Rust network packet code

  • I explored the APIs of some crates for embedded networking. Most notable is smoltcp, used by embassy-net and others.
  • It handles asynchronous data transfer with a Device trait with transmit and receive methods that immediately return single-use tokens that can be passed around/returned from a more internal function, and then consumed with a callback.
  • I also explored some of the packet building and manipulation libraries like pnet and etherparse. On embedded targets the stdlib is not available which makes some of this code incompatible/tricky.
  • In rust, in places where in C I would typedef a callback function to use as a function argument, it’s usually more idiomatic to define a Trait with a required method, and then pass a struct that implements the Trait. This often results in at least one additional named layer of indirection.

An example (though this is just the struct, not a separate trait) is the RtcTimeProvider struct that has a now() method:

So instead of passing a callback for getting current time, you pass an RtcTimeProvider. Then code can call now() on that object later repeatedly. You get the time provider object by first configuring the Rtc, then calling rtc.time_provider(). So you don’t get the current time from the Rtc object directly. You first get a narrowly-scoped time provider object, and use that to repeatedly call now().

If we looked at a variety of C drivers, I doubt the “time provider” layer would exist in any of them. You’d configure the RTC, then use it to get the current time. This is part and parcel to the safety that rust provides in an embedded context. Instead of giving all the code full access to all the resources (enabling us to change behavior in one part of the code that unexpectedly breaks a totally separate part of the code), it’s best practice to split up the resources into the narrowest piece that’s actually required for the targeted functionality.

We’ve started turning our attention toward the end-of-phase deliverable of some rough draft API docs.

1 Like

I’ve been continuing to trot down my “separate FreeRTOS from BCMP” path.
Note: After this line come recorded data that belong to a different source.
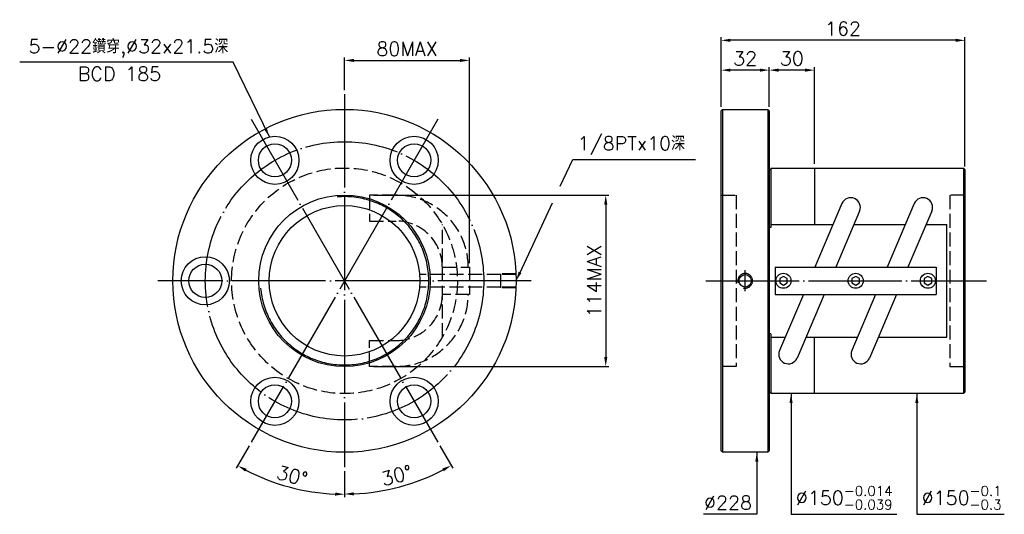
# Model space of a CAD drawing. Header units: millimetres. Extents: x -286 to 368, y 139 to 468.
import ezdxf

# ---------------------------------------------------------------- set-up
doc = ezdxf.new("R2010")
doc.units = ezdxf.units.MM
doc.header["$LTSCALE"] = 3.1
for name, pattern in [('CENTER', [22, 20, -1, 0, -1]), ('DASHED', [4, 3, -1]), ('THIN', [200000, 200000, 0])]:
    doc.linetypes.add(name, pattern=pattern)
for name, color, linetype in [('NT', 7, 'Continuous'), ('NT-DIM', 2, 'Continuous'), ('SH', 7, 'Continuous'), ('SH-DIM', 2, 'Continuous')]:
    doc.layers.add(name, color=color, linetype=linetype)
doc.styles.get("Standard").update_dxf_attribs({"font": 'simplex.shx', "bigfont": 'chineset.shx'})
doc.dimstyles.new('ISO-25', dxfattribs={"dimscale": 3.1, "dimtxt": 3, "dimasz": 2, "dimexe": 0.646, "dimexo": 0.862, "dimgap": 1, "dimtad": 1, "dimdec": 3, "dimdsep": 46, "dimtxsty": 'Standard', "dimcen": 1.5, "dimclrd": 256, "dimclre": 256, "dimclrt": 256, "dimazin": 2, "dimtfac": 1, "dimtdec": 3, "dimtmove": 0, "dimatfit": 3, "dimfxl": 0, "dimtolj": 1, "dimlwd": -1, "dimlwe": -1, "dimarcsym": 0})

# ---------------------------------------------------------------- blocks, each defined once
blk = doc.blocks.new('*D42')
at = {"layer": 'Defpoints', "color": 0}
for p in [(180.24, 433.96), (180.24, 406.9), (212.24, 406.9)]:
    blk.add_point(p, dxfattribs=at)
at = {"layer": 'SH-DIM'}
for p, q in [((180.24, 409.57), (180.24, 435.97)), ((206.04, 433.96), (186.44, 433.96)), ((212.24, 409.57), (212.24, 435.97))]:
    blk.add_line(p, q, dxfattribs=at)
for points in [[(186.44, 435), (186.44, 432.93), (180.24, 433.96)], [(206.04, 435), (206.04, 432.93), (212.24, 433.96)]]:
    blk.add_solid(points, dxfattribs=at)
at = {"layer": 'SH-DIM', "insert": (196.24, 441.71), "char_height": 9.3, "attachment_point": 5}
blk.add_mtext('\\A1;32', dxfattribs=at)
blk = doc.blocks.new('*D49')
at = {"layer": 'Defpoints', "color": 0}
for p in [(-69.97, 417.9), (-7.97, 401.28), (-131.97, 186.51), (-69.97, 169.9), (-118.52, 160.53)]:
    blk.add_point(p, dxfattribs=at)
at = {"layer": 'SH-DIM'}
for p, q in [((-133.31, 184.2), (-141.94, 169.25)), ((-69.97, 167.22), (-69.97, 149.97))]:
    blk.add_line(p, q, dxfattribs=at)
blk.add_arc((-69.97, 293.9), 141.93, 242.50314, 267.49686, dxfattribs=at)
for points in [[(-136, 167.1), (-135, 168.91), (-140.94, 170.98)], [(-76.15, 153.14), (-76.19, 151.07), (-69.97, 151.97)]]:
    blk.add_solid(points, dxfattribs=at)
at = {"layer": 'SH-DIM', "insert": (-104.7, 164.29), "char_height": 9.3, "attachment_point": 5, "rotation": 345}
blk.add_mtext('\\A1;30°', dxfattribs=at)
blk = doc.blocks.new('*D50')
at = {"layer": 'Defpoints', "color": 0}
for p in [(-69.97, 417.9), (-131.97, 401.28), (-7.97, 186.51), (-69.97, 169.9), (-45.35, 154.27)]:
    blk.add_point(p, dxfattribs=at)
at = {"layer": 'SH-DIM'}
for p, q in [((-6.64, 184.2), (1.92, 169.38)), ((-69.97, 167.22), (-69.97, 150.12))]:
    blk.add_line(p, q, dxfattribs=at)
blk.add_arc((-69.97, 293.9), 141.78, 272.50577, 297.49423, dxfattribs=at)
for points in [[(-5.02, 169.04), (-4.02, 167.23), (0.92, 171.11)], [(-63.75, 151.22), (-63.8, 153.29), (-69.97, 152.12)]]:
    blk.add_solid(points, dxfattribs=at)
at = {"layer": 'SH-DIM', "insert": (-35.28, 164.44), "char_height": 9.3, "attachment_point": 5, "rotation": 15}
blk.add_mtext('\\A1;30°', dxfattribs=at)
blk = doc.blocks.new('*D51')
at = {"layer": 'Defpoints', "color": 0}
for p in [(13.03, 440.42), (-69.97, 417.9), (13.03, 302.9)]:
    blk.add_point(p, dxfattribs=at)
at = {"layer": 'SH-DIM'}
for p, q in [((-69.97, 420.57), (-69.97, 442.42)), ((-63.77, 440.42), (6.83, 440.42)), ((13.03, 305.57), (13.03, 442.42))]:
    blk.add_line(p, q, dxfattribs=at)
for points in [[(-63.77, 441.45), (-63.77, 439.38), (-69.97, 440.42)], [(6.83, 441.45), (6.83, 439.38), (13.03, 440.42)]]:
    blk.add_solid(points, dxfattribs=at)
at = {"layer": 'SH-DIM', "insert": (-28.47, 448.17), "char_height": 9.3, "attachment_point": 5}
blk.add_mtext('\\A1;80MAX', dxfattribs=at)
blk = doc.blocks.new('*D52')
at = {"layer": 'Defpoints', "color": 0}
for p in [(-53.34, 350.81), (-53.34, 236.98), (103.61, 236.98)]:
    blk.add_point(p, dxfattribs=at)
at = {"layer": 'SH-DIM'}
for p, q in [((-50.66, 350.81), (105.61, 350.81)), ((103.61, 344.61), (103.61, 243.18)), ((-50.66, 236.98), (105.61, 236.98))]:
    blk.add_line(p, q, dxfattribs=at)
for points in [[(102.57, 344.61), (104.64, 344.61), (103.61, 350.81)], [(102.57, 243.18), (104.64, 243.18), (103.61, 236.98)]]:
    blk.add_solid(points, dxfattribs=at)
at = {"layer": 'SH-DIM', "insert": (95.86, 293.9), "char_height": 9.3, "attachment_point": 5, "rotation": 90}
blk.add_mtext('\\A1;114MAX', dxfattribs=at)
blk = doc.blocks.new('*D53')
at = {"layer": 'Defpoints', "color": 0}
for p in [(180.24, 453.79), (180.24, 406.9), (342.24, 367.18)]:
    blk.add_point(p, dxfattribs=at)
at = {"layer": 'SH-DIM'}
for p, q in [((180.24, 409.57), (180.24, 455.79)), ((336.04, 453.79), (186.44, 453.79)), ((342.24, 369.85), (342.24, 455.79))]:
    blk.add_line(p, q, dxfattribs=at)
for points in [[(186.44, 454.82), (186.44, 452.75), (180.24, 453.79)], [(336.04, 454.82), (336.04, 452.75), (342.24, 453.79)]]:
    blk.add_solid(points, dxfattribs=at)
at = {"layer": 'SH-DIM', "insert": (261.24, 461.54), "char_height": 9.3, "attachment_point": 5}
blk.add_mtext('\\A1;162', dxfattribs=at)
blk = doc.blocks.new('*D58')
at = {"layer": 'Defpoints', "color": 0}
for p in [(212.24, 433.96), (212.24, 406.9), (242.24, 368.9)]:
    blk.add_point(p, dxfattribs=at)
at = {"layer": 'SH-DIM'}
for p, q in [((212.24, 409.57), (212.24, 435.97)), ((236.04, 433.96), (218.44, 433.96)), ((242.24, 371.57), (242.24, 435.97))]:
    blk.add_line(p, q, dxfattribs=at)
for points in [[(218.44, 435), (218.44, 432.93), (212.24, 433.96)], [(236.04, 435), (236.04, 432.93), (242.24, 433.96)]]:
    blk.add_solid(points, dxfattribs=at)
at = {"layer": 'SH-DIM', "insert": (227.24, 441.71), "char_height": 9.3, "attachment_point": 5}
blk.add_mtext('\\A1;30', dxfattribs=at)

msp = doc.modelspace()

# ---------------------------------------------------------------- linework, layer by layer
at = {"layer": 'NT', "color": 3, "linetype": 'CENTER'}
for p, q in [((-69.9734, 417.8966), (-69.9734, 169.8966)), ((-131.9734, 401.2838), (-7.9734, 186.5095)), ((-7.9734, 401.2838), (-131.9734, 186.5095)), ((54.0266, 293.8966), (-193.9734, 293.8966))]:
    msp.add_line(p, q, dxfattribs=at)
at = {"layer": 'NT', "color": 7, "linetype": 'Continuous'}
for p, q in [((180.2429, 406.8966), (181.2429, 407.8966)), ((180.2429, 180.8966), (180.2429, 406.8966)), ((181.2429, 407.8966), (211.2429, 407.8966)), ((181.2429, 407.8966), (181.2429, 179.8966)), ((211.2429, 407.8966), (212.2429, 406.8966)), ((211.2429, 407.8966), (211.2429, 179.8966)), ((212.2429, 406.8966), (212.2429, 180.8966)), ((212.2429, 367.8966), (213.2429, 367.8966)), ((213.2429, 368.8966), (213.2429, 329.2661)), ((213.2429, 368.8966), (341.2429, 368.8966)), ((242.2429, 368.8966), (242.2429, 331.3132)), ((341.2429, 368.8966), (341.2429, 218.8966)), ((341.2429, 368.8966), (342.2429, 367.8966)), ((342.2429, 367.8966), (342.2429, 219.8966)), ((260.5738, 345.2441), (242.5871, 302.8966)), ((272.2631, 340.2792), (256.3852, 302.8966)), ((308.5738, 345.2441), (290.5871, 302.8966)), ((320.2631, 340.2792), (304.3852, 302.8966)), ((213.2429, 329.2661), (212.2429, 329.2661)), ((213.2429, 331.3132), (254.6568, 331.3132)), ((268.4549, 331.3132), (302.6568, 331.3132)), ((316.4549, 331.3132), (330.2429, 331.3132)), ((330.2429, 256.48), (330.2429, 331.3132)), ((216.1635, 302.8966), (323.1635, 302.8966)), ((216.1635, 302.8966), (216.1635, 284.8966)), ((323.1635, 302.8966), (323.1635, 284.8966)), ((216.1635, 284.8966), (323.1635, 284.8966)), ((234.9417, 284.8966), (219.0638, 247.5141)), ((248.7398, 284.8966), (230.7531, 242.5492)), ((282.9417, 284.8966), (267.0638, 247.5141)), ((296.7398, 284.8966), (278.7531, 242.5492)), ((213.2429, 258.5271), (212.2429, 258.5271)), ((213.2429, 258.5271), (213.2429, 218.8966)), ((213.2429, 256.48), (222.9958, 256.48)), ((236.6701, 256.48), (270.872, 256.48)), ((242.2429, 218.8966), (242.2429, 256.48)), ((284.6701, 256.48), (330.2429, 256.48)), ((212.2429, 219.8966), (213.2429, 219.8966)), ((341.2429, 218.8966), (213.2429, 218.8966)), ((342.2429, 219.8966), (341.2429, 218.8966)), ((181.2429, 179.8966), (180.2429, 180.8966)), ((211.2429, 179.8966), (181.2429, 179.8966)), ((212.2429, 180.8966), (211.2429, 179.8966))]:
    msp.add_line(p, q, dxfattribs=at)
at = {"layer": 'NT', "color": 1, "linetype": 'DASHED'}
for p, q in [((180.2429, 350.8966), (190.2429, 350.8966)), ((190.2429, 350.8966), (190.2429, 236.8966)), ((342.2429, 350.8966), (332.2429, 350.8966)), ((332.2429, 350.8966), (332.2429, 236.8966)), ((-4.9734, 256.48), (-4.9734, 331.3132)), ((-4.9734, 302.8966), (13.0266, 302.8966)), ((13.0266, 302.8966), (13.0266, 284.8966)), ((13.0266, 284.8966), (-4.9734, 284.8966)), ((190.2429, 236.8966), (180.2429, 236.8966)), ((332.2429, 236.8966), (342.2429, 236.8966))]:
    msp.add_line(p, q, dxfattribs=at)
for points in [[(-35.6894, 350.8126), (-53.3369, 350.8126), (-53.3369, 333.6126), (-35.6894, 333.6126)], [(-35.6894, 236.9806), (-53.3369, 236.9806), (-53.3369, 254.1806), (-35.6894, 254.1806)]]:
    msp.add_lwpolyline(points, dxfattribs=at)
at = {"layer": 'NT', "color": 7, "linetype": 'Continuous'}
for points in [[(221.6635, 296.7834), (219.1635, 295.34), (219.1635, 292.4532), (221.6635, 291.0099), (224.1635, 292.4532), (224.1635, 295.34)], [(269.6635, 296.7834), (267.1635, 295.34), (267.1635, 292.4532), (269.6635, 291.0099), (272.1635, 292.4532), (272.1635, 295.34)], [(317.6635, 296.7834), (315.1635, 295.34), (315.1635, 292.4532), (317.6635, 291.0099), (320.1635, 292.4532), (320.1635, 295.34)]]:
    msp.add_lwpolyline(points, close=True, dxfattribs=at)
for centre, radius in [((-69.9734, 293.8966), 114), ((-116.2234, 374.004), 16), ((-23.7234, 374.004), 16), ((-116.2234, 374.004), 11), ((-23.7234, 374.004), 11), ((-69.9734, 293.8966), 57), ((-69.9734, 293.8966), 50), ((-162.4734, 293.8966), 16), ((-162.4734, 293.8966), 11), ((221.6635, 293.8966), 5), ((269.6635, 293.8966), 5), ((317.6635, 293.8966), 5), ((-116.2234, 213.7893), 16), ((-23.7234, 213.7893), 16), ((-116.2234, 213.7893), 11), ((-23.7234, 213.7893), 11)]:
    msp.add_circle(centre, radius, dxfattribs=at)
at = {"layer": 'NT', "color": 3, "linetype": 'CENTER'}
msp.add_circle((-69.9734, 293.8966), 92.5, dxfattribs=at)
at = {"layer": 'NT', "color": 1, "linetype": 'DASHED'}
msp.add_circle((-69.9734, 293.8966), 75, dxfattribs=at)
at = {"layer": 'NT', "color": 5, "linetype": 'THIN'}
msp.add_arc((-69.9734, 293.8966), 55.967, 185, 95, dxfattribs=at)
at = {"layer": 'NT', "color": 1, "linetype": 'DASHED'}
for centre, radius, start, end in [((-35.6894, 302.8966), 47.916, 0, 90), ((-35.6894, 302.8966), 30.716, 0, 90), ((-35.6894, 284.8966), 47.916, 270, 0), ((-35.6894, 284.8966), 30.716, 270, 0)]:
    msp.add_arc(centre, radius, start, end, dxfattribs=at)
at = {"layer": 'NT', "color": 7, "linetype": 'Continuous'}
for centre, start, end in [((266.4185, 342.7616), 336.9870476, 156.9870476), ((314.4185, 342.7616), 336.9870476, 156.9870476), ((224.9085, 245.0316), 156.9870476, 336.9870476), ((272.9085, 245.0316), 156.9870476, 336.9870476)]:
    msp.add_arc(centre, 6.35, start, end, dxfattribs=at)
at = {"layer": 'NT-DIM', "color": 7, "linetype": 'Continuous'}
msp.add_circle((196.2429, 293.8966), 4.1344, dxfattribs=at)
at = {"layer": 'NT-DIM', "color": 5, "linetype": 'THIN'}
msp.add_arc((196.2429, 293.8966), 4.864, 255, 195, dxfattribs=at)
at = {"layer": 'SH', "color": 3, "linetype": 'CENTER'}
for p, q in [((196.2429, 286.8966), (196.2429, 300.8966)), ((170.0058, 293.8966), (356.484, 293.8966))]:
    msp.add_line(p, q, dxfattribs=at)
at = {"layer": 'SH-DIM', "color": 1, "linetype": 'DASHED'}
for p, q in [((33.8296, 298.1966), (-19.9734, 298.1966)), ((44.0266, 298.7606), (33.8296, 298.567)), ((33.8296, 289.2263), (33.8296, 298.567)), ((44.0266, 298.1796), (33.8296, 297.986)), ((33.8296, 289.5966), (-19.9734, 289.5966)), ((44.0266, 289.6136), (33.8296, 289.8073)), ((44.0266, 289.0326), (33.8296, 289.2263))]:
    msp.add_line(p, q, dxfattribs=at)
at = {"layer": 'SH-DIM'}
for points in [[(73.3934, 356.812), (81.6245, 374.4464), (81.7245, 374.4464), (163.2208, 374.4464)], [(46.6489, 299.5147), (68.2522, 345.7975)]]:
    msp.add_lwpolyline(points, dxfattribs=at)
msp.add_solid([(47.5853, 299.0777), (44.0266, 293.8966), (45.7126, 299.9518)], dxfattribs=at)

# ---------------------------------------------------------------- texts
at = {"layer": 'SH-DIM', "char_height": 9.3}
for s, insert, attachment_point in [('5-%%C22鑽穿,%%C32x21.5深', (-147.1738, 442.305), 9), ('BCD 185', (-191.7326, 426.8347), 9), ('1/8PTx10深', (84.8245, 377.5464), 7), ('\\A1;%%C150{\\H0.7x;\\S-0.014^ -0.039;}', (229.9213, 141.8257), 7), ('\\A1;%%C150{\\H0.7x;\\S-0.1^ -0.3;}', (313.5022, 141.8302), 7), ('%%C228', (200.7959, 141.7337), 9)]:
    msp.add_mtext(s, dxfattribs=dict(at, insert=insert, attachment_point=attachment_point))

# ---------------------------------------------------------------- dimensions: what is measured, and where the dimension line sits
at = {"layer": 'SH-DIM'}
for base, p1, p2, picture, middle in [((180.2429, 453.7877), (342.2429, 367.1774), (180.2429, 406.8966), '*D53', (261.2429, 461.5377)), ((180.2429, 433.9641), (212.2429, 406.8966), (180.2429, 406.8966), '*D42', (196.2429, 441.7141)), ((212.2429, 433.9641), (242.2429, 368.8966), (212.2429, 406.8966), '*D58', (227.2429, 441.7141))]:
    dim = msp.add_linear_dim(base=base, p1=p1, p2=p2, dimstyle='ISO-25', dxfattribs=at)
    dim.commit()
    dim.dimension.update_dxf_attribs({"geometry": picture, "text_midpoint": middle})
dim = msp.add_linear_dim(base=(13.0266, 440.416), p1=(-69.9734, 417.8966), p2=(13.0266, 302.8966), text='80MAX', dimstyle='ISO-25', dxfattribs=at)
dim.commit()
dim.dimension.update_dxf_attribs({"geometry": '*D51', "text_midpoint": (-28.4734, 448.166)})
for base, line1, picture, middle in [((-118.5151, 160.5295), ((-7.9734, 401.2838), (-131.9734, 186.5095)), '*D49', (-104.7008, 164.2922)), ((-45.354, 154.2728), ((-131.9734, 401.2838), (-7.9734, 186.5095)), '*D50', (-35.2845, 164.4358))]:
    dim = msp.add_angular_dim_2l(base=base, line1=line1, line2=((-69.9734, 417.8966), (-69.9734, 169.8966)), dimstyle='ISO-25', dxfattribs=at)
    dim.commit()
    dim.dimension.update_dxf_attribs({"geometry": picture, "text_midpoint": middle})
dim = msp.add_linear_dim(base=(103.6078, 236.9806), p1=(-53.3369, 350.8126), p2=(-53.3369, 236.9806), angle=90, text='114MAX', dimstyle='ISO-25', dxfattribs=at)
dim.commit()
dim.dimension.update_dxf_attribs({"geometry": '*D52', "text_midpoint": (95.8578, 293.8966)})

# ---------------------------------------------------------------- leaders
at = {"layer": 'SH-DIM', "annotation_type": 0, "has_hookline": 1}
for points, hookline_direction, text_width in [([(-119.86, 389.5852), (-143.9738, 439.205), (-144.0738, 439.205)], 1, 138.6143), ([(226.7213, 218.8966), (226.7213, 138.7257), (226.8213, 138.7257)], 0, 67.0043), ([(310.3022, 218.8966), (310.3022, 138.7302), (310.4022, 138.7302)], 0, 54.9143), ([(203.9959, 179.8966), (203.9959, 138.6337), (203.8959, 138.6337)], 1, 32.3286)]:
    msp.add_leader(points, dimstyle='ISO-25', dxfattribs=dict(at, hookline_direction=hookline_direction, text_width=text_width))

doc.saveas('drawing.dxf')

Although along the way I have been looking at other examples. I have been looking more at zenoh-pico and how they separate their platform code from the core libraries, and how they provide access to the network packets to the users.

In doing so I have begun to recognize the patterns and see how it can be applied to our code. It has also helped me to draw out the potential different layers of the BCMP library and what each layer provides/needs from the other layers. I have begun to write/draw this out in my notebook and am beginning a doc where I write all of the funcitons that are being used by BCMP that could fall into the different layers of what I am calling right now the:
Platform - Core - Public layers.

The plaftorm layer would be any functions that are platform specific, things that we currently use from FreeRTOS.

The core layer is the layer that uses functions from the platform layer to provide the core BCMP functionality - processing of messages, automatic heartbeats, stuff that makes a node able to respond to its neighbor and participate in the bristlemouth network.

The public layer is then how we allow users of the core library to access the data that is coming through BCMP. For example, a function to get the latest neighbor table. Or providing a callback for BCMP to run when it gets a repsonse to the PING message I just requested it send.

I am going to continue writing out the different functions that are used, what layer I think they are a part of, and what dependencies/connections to the other layers they have. One thing I am keeping in mind while doing this is that the current code will need to change a lot - and this may involve removing/changing some of the dependencies.

Another area I dove a bit into this week was how the actual packet gets through LWIP to BCMP. This is a more specifc connection between the core layer and IP layer (I think the IP layer in some cases can be considered part of the platform layer) and this connection will also need to become abstracted and generic such that we could use another IP layer, like Zephyr’s IP stack and say, “Here you go zephyr, call this whenever you get a raw packet that uses the BCMP header!”.